Read CSV file using tf.data is very slow, use tfrecords instead?

I have a lot of CSV files with each record containing ~6000 columns. The first column is the label and the remaining columns should be treated as a feature vector. I'm new to Tensorflow and I can't figure out how to read the data into a Tensorflow Dataset with the desired format. I have the following code running currently:

DEFAULTS = []
n_features = 6170
for i in range(n_features+1):
  DEFAULTS.append([0.0])

def parse_csv(line):
    # line = line.replace('"', '')
    columns = tf.decode_csv(line, record_defaults=DEFAULTS)  # take a line at a time
    features = {'label': columns[-1], 'x': tf.stack(columns[:-1])}  # create a dictionary out of the features
    labels = features.pop('label')  # define the label

    return features, labels


def train_input_fn(data_file=sample_csv_file, batch_size=128):
    """Generate an input function for the Estimator."""
    # Extract lines from input files using the Dataset API.
    dataset = tf.data.TextLineDataset(data_file)
    dataset = dataset.map(parse_csv)
    dataset = dataset.shuffle(10000).repeat().batch(batch_size)
    return dataset.make_one_shot_iterator().get_next()

Each CSV file has ~10K records.
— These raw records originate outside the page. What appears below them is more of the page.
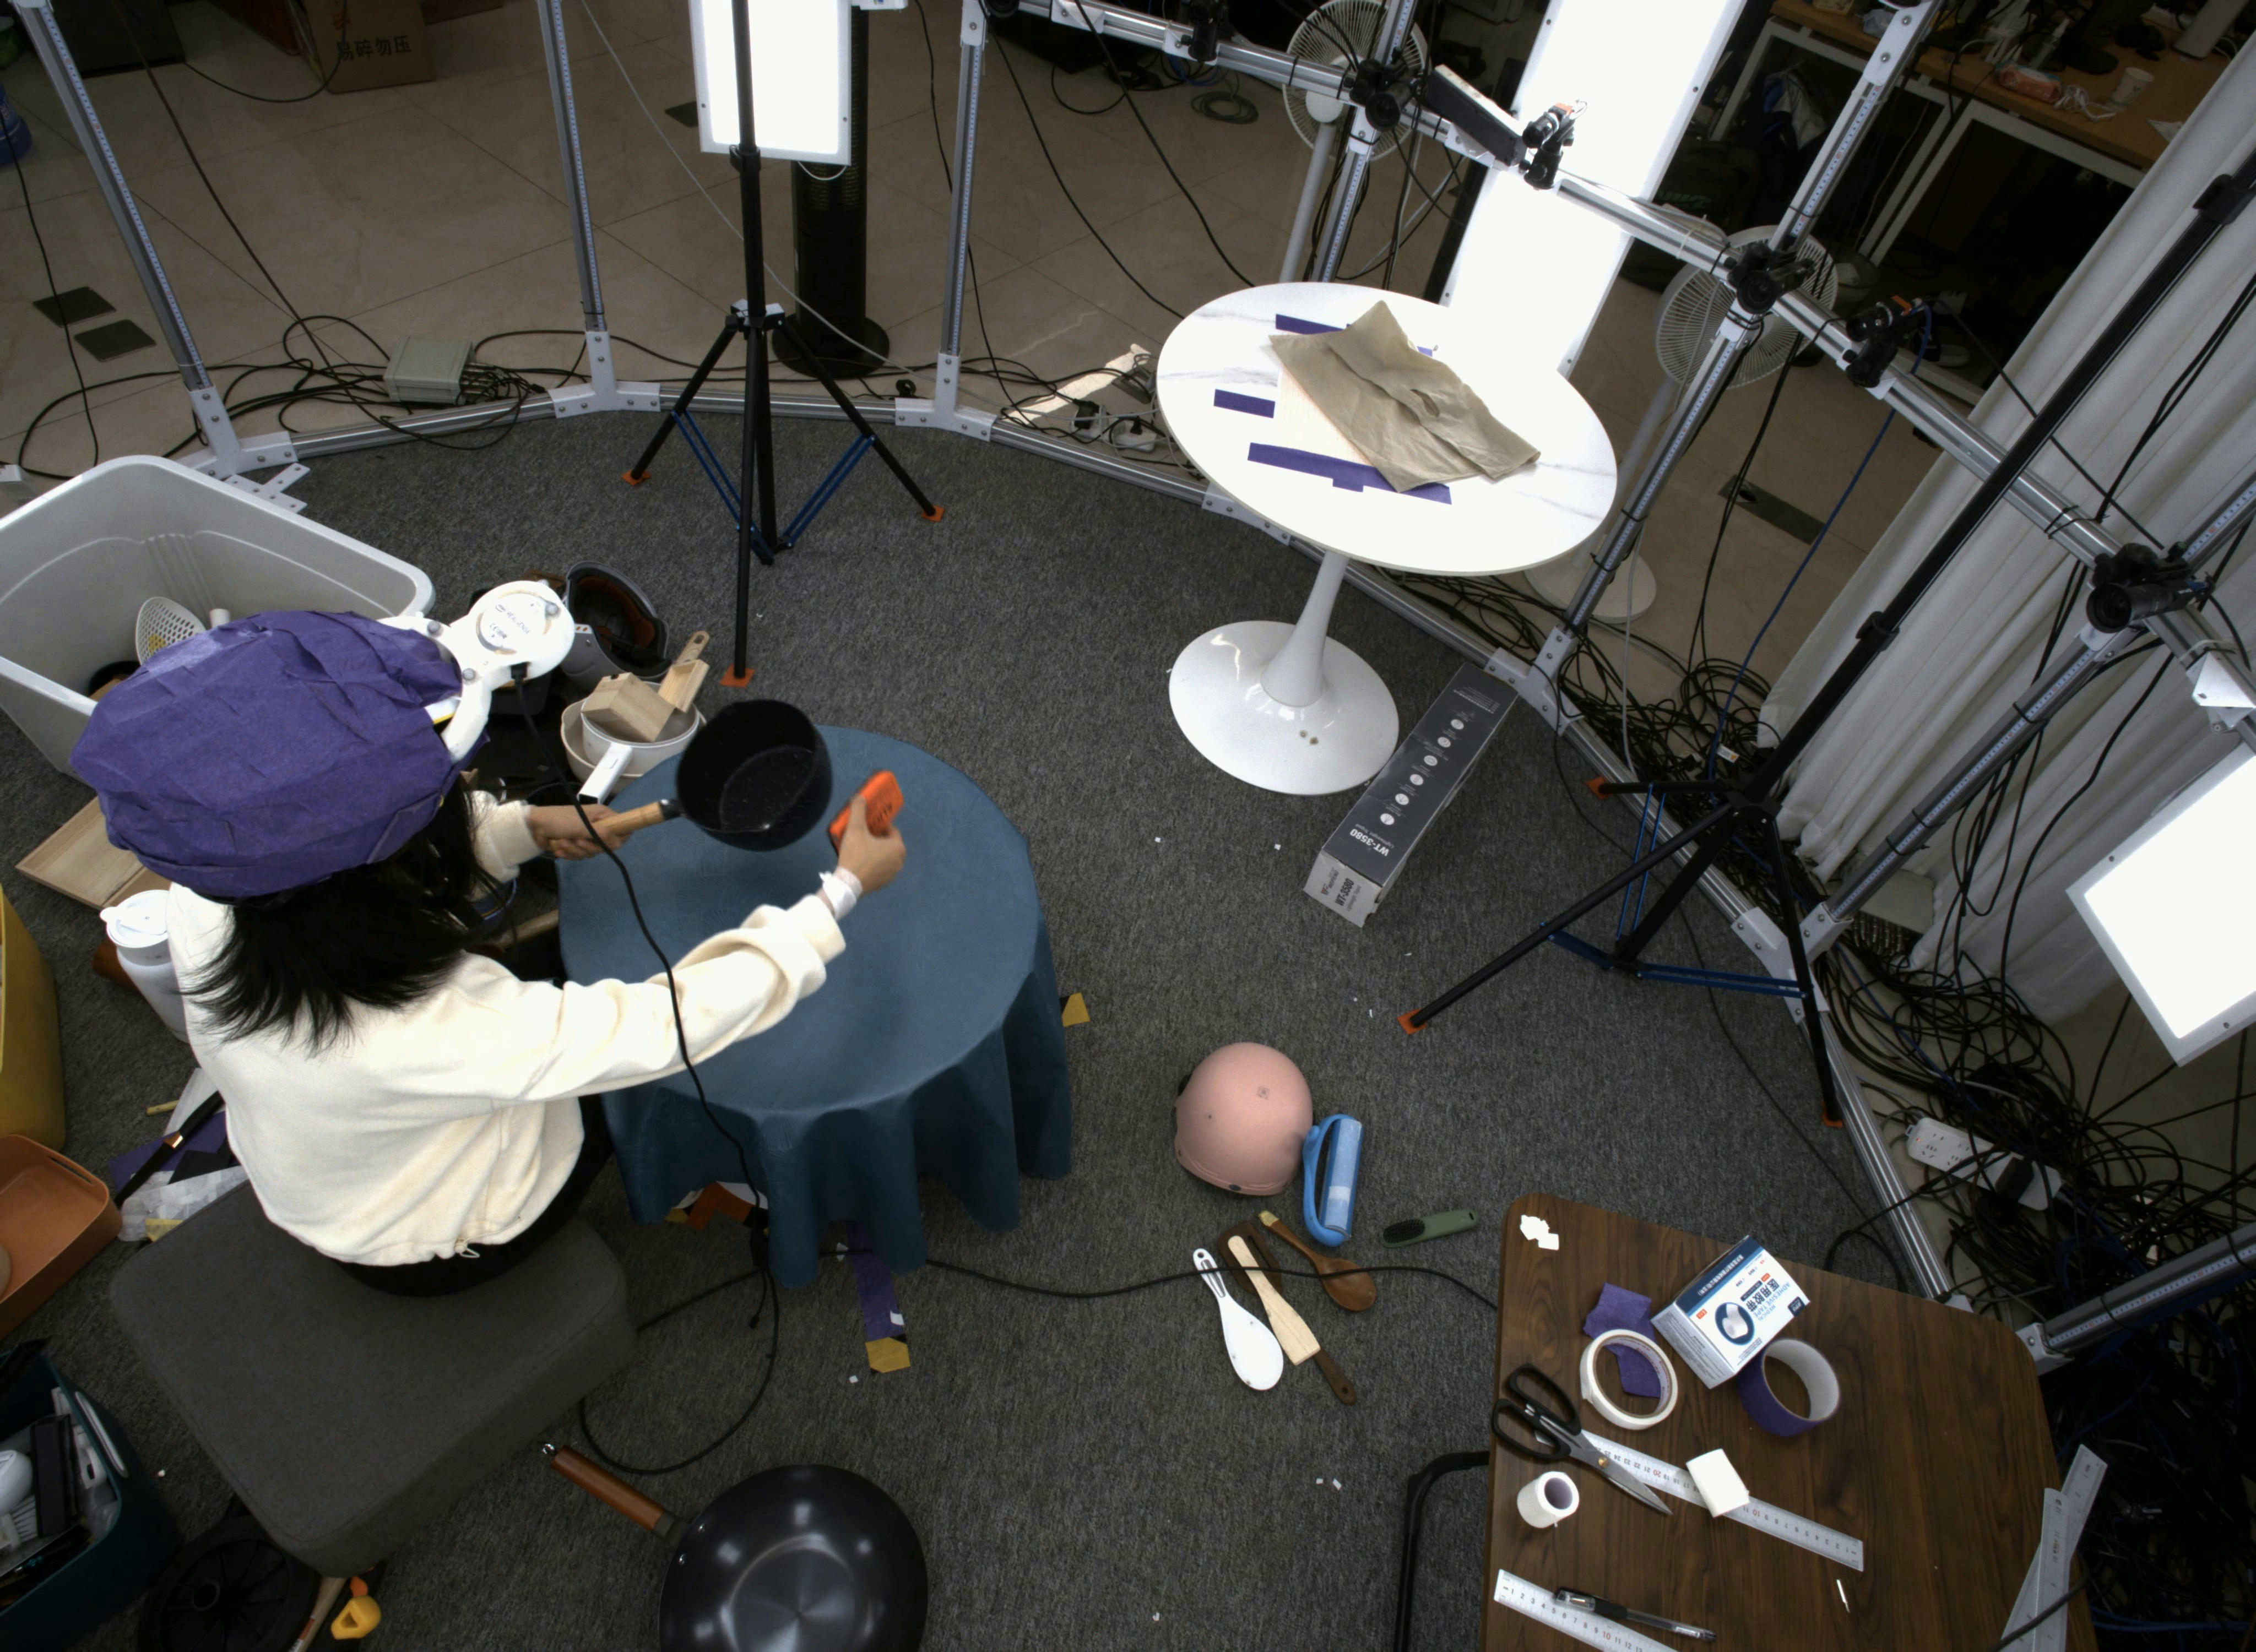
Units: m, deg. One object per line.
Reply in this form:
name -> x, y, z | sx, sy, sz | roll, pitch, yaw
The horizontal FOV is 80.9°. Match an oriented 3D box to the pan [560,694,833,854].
pan -> -0.515, -0.027, 1.543 | 0.341, 0.111, 0.202 | -26, 61, -6

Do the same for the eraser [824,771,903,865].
eraser -> -0.305, -0.011, 1.505 | 0.022, 0.061, 0.107 | 18, 52, 25
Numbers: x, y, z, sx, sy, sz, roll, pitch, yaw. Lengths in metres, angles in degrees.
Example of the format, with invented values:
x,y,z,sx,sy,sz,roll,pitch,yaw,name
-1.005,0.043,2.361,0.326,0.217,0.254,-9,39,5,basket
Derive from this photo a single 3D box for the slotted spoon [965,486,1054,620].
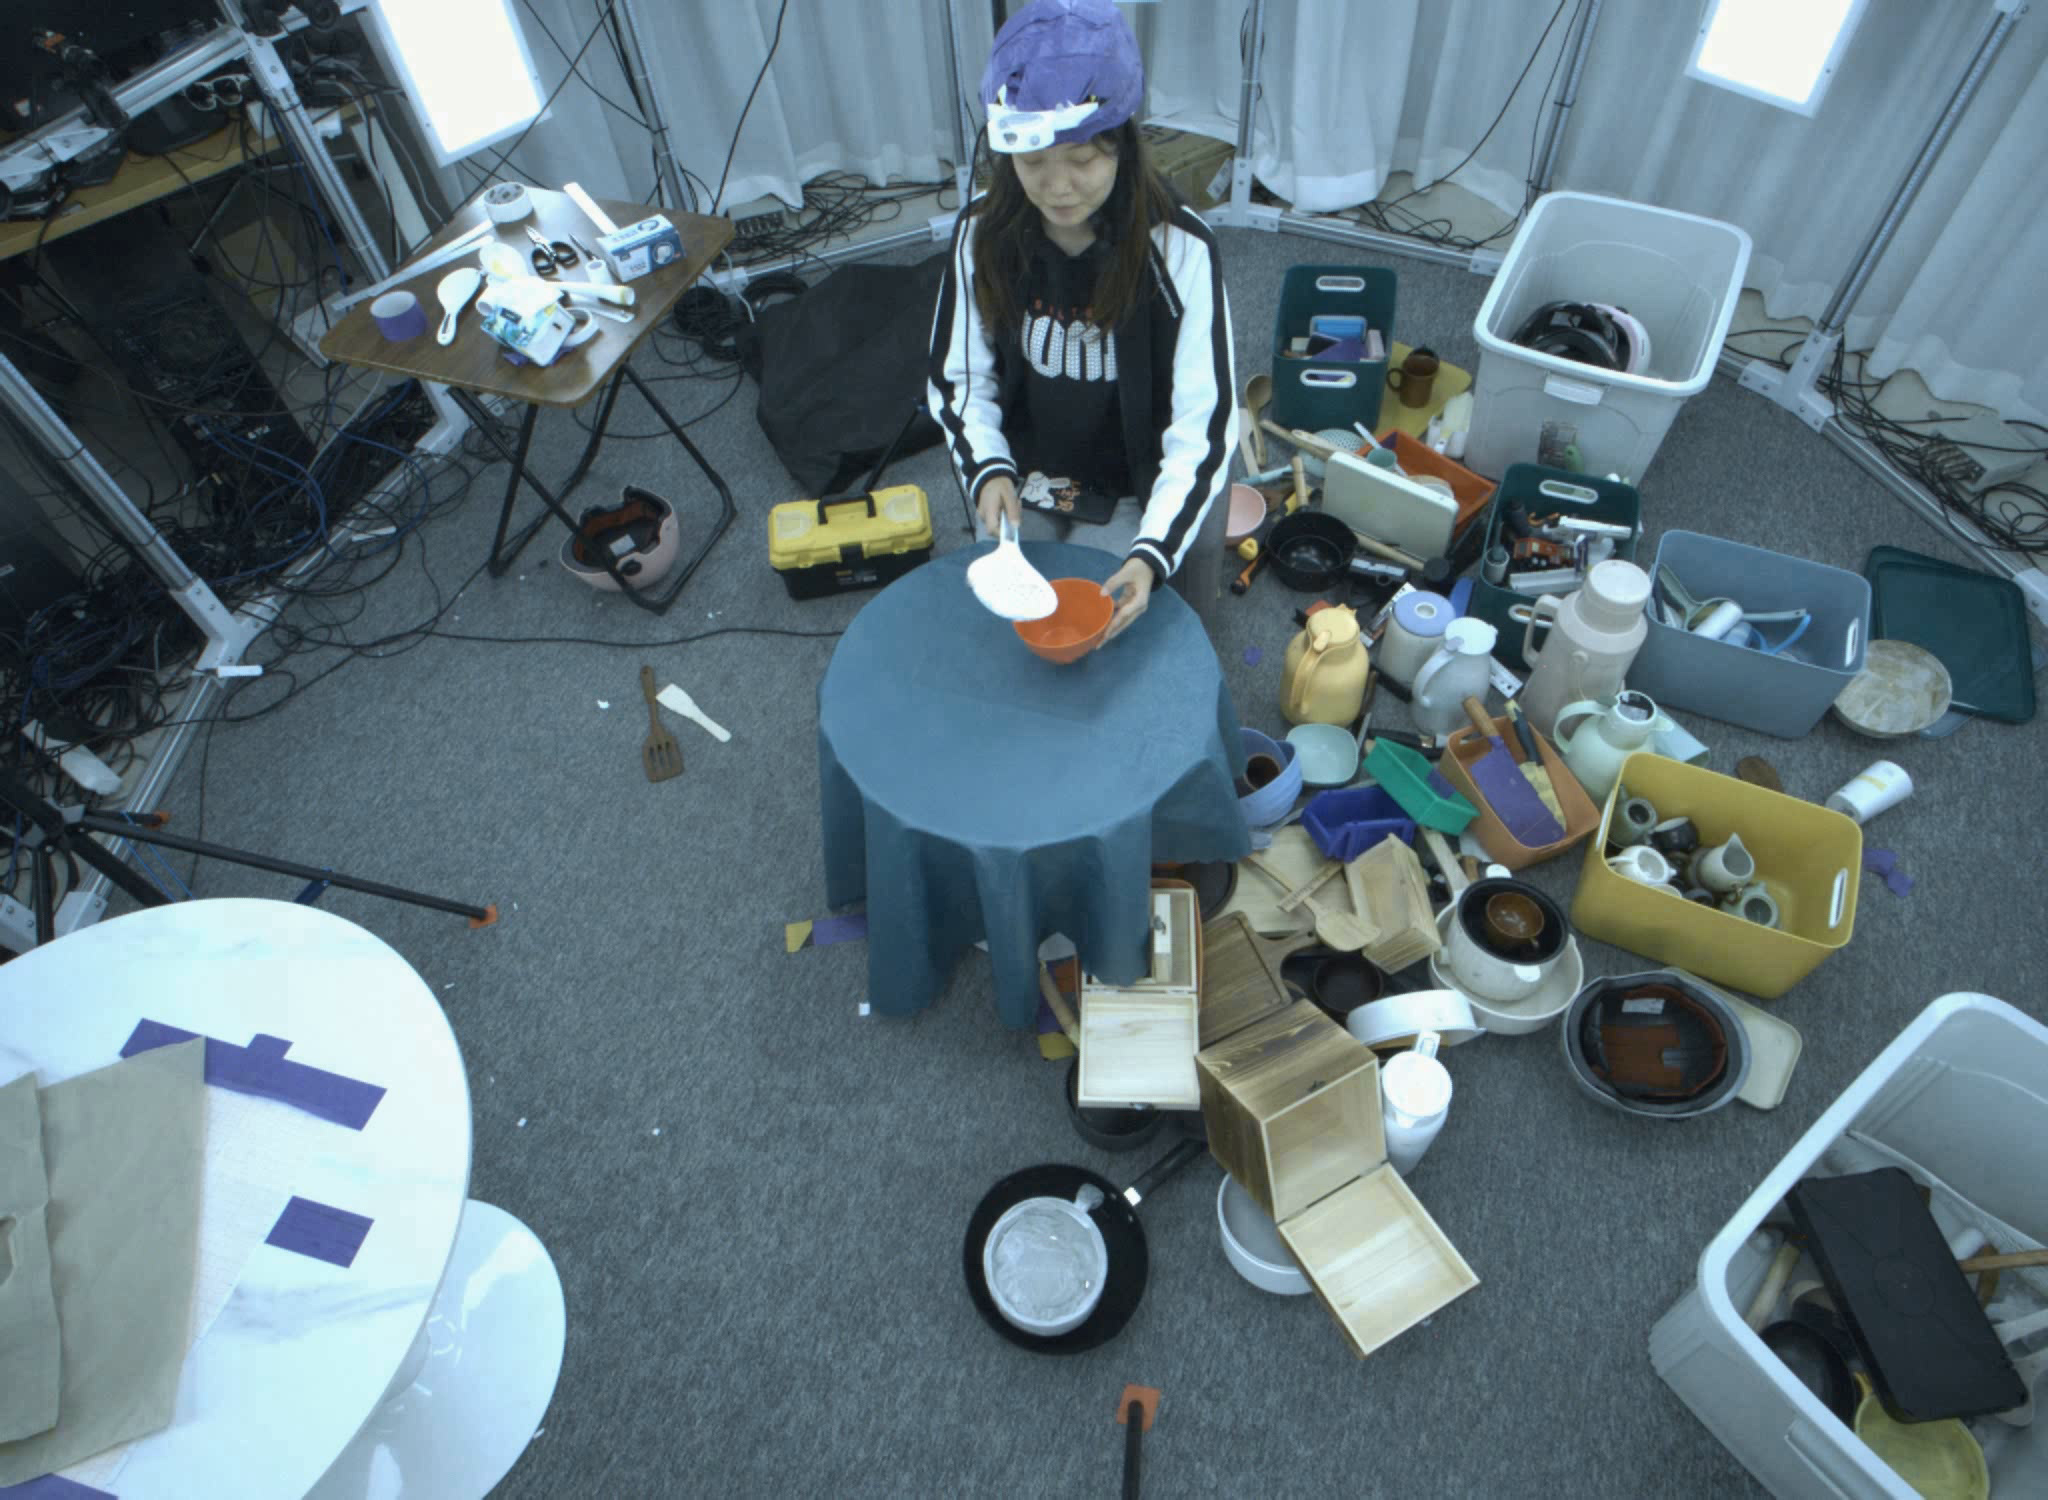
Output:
x,y,z,sx,sy,sz,roll,pitch,yaw,name
-0.025,-0.302,1.837,0.138,0.045,0.346,16,45,-16,slotted spoon

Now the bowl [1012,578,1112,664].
x,y,z,sx,sy,sz,roll,pitch,yaw,name
0.059,-0.178,1.825,0.147,0.106,0.146,-2,57,5,bowl

I've tried to do a sample eval on train_input_fn as labels = train_input_fn()[1].eval(session=sess). This gets 128 labels, but it's taking around 2 minutes.

Am I using some redundant operations or is there any better way to do this?

PS: I have the original data in Spark Dataframe. Hence, I can use TFRecords as well if that can make things faster.

Solution

You are doing it right. But a faster way is to use TFRecords as shown in the following steps:

Use tf.python_io.TFRecordWriter: -- To read the csv file and write it as a tfrecord file as shown here:Tensorflow create a tfrecords file from csv.

Reading from the tfrecord : --

def _parse_function(proto):
   f = {
       "features": tf.FixedLenSequenceFeature([], tf.float32, default_value=0.0, allow_missing=True),
       "label": tf.FixedLenSequenceFeature([], tf.float32, default_value=0.0, allow_missing=True)
       }
       parsed_features = tf.parse_single_example(proto, f)
       features = parsed_features["features"]
       label = parsed_features["label"]
       return features, label


dataset = tf.data.TFRecordDataset(['csv.tfrecords'])
dataset = dataset.map(_parse_function)
dataset = dataset.shuffle(10000).repeat().batch(128)
iterator = dataset.make_one_shot_iterator()
features, label = iterator.get_next()

I ran both the cases (csv vs tfrecords) on a randomly generated csv. The total time for 10 batches (128 samples each) for a csv direct read was around 204s, while that of tfrecord was around 0.22s.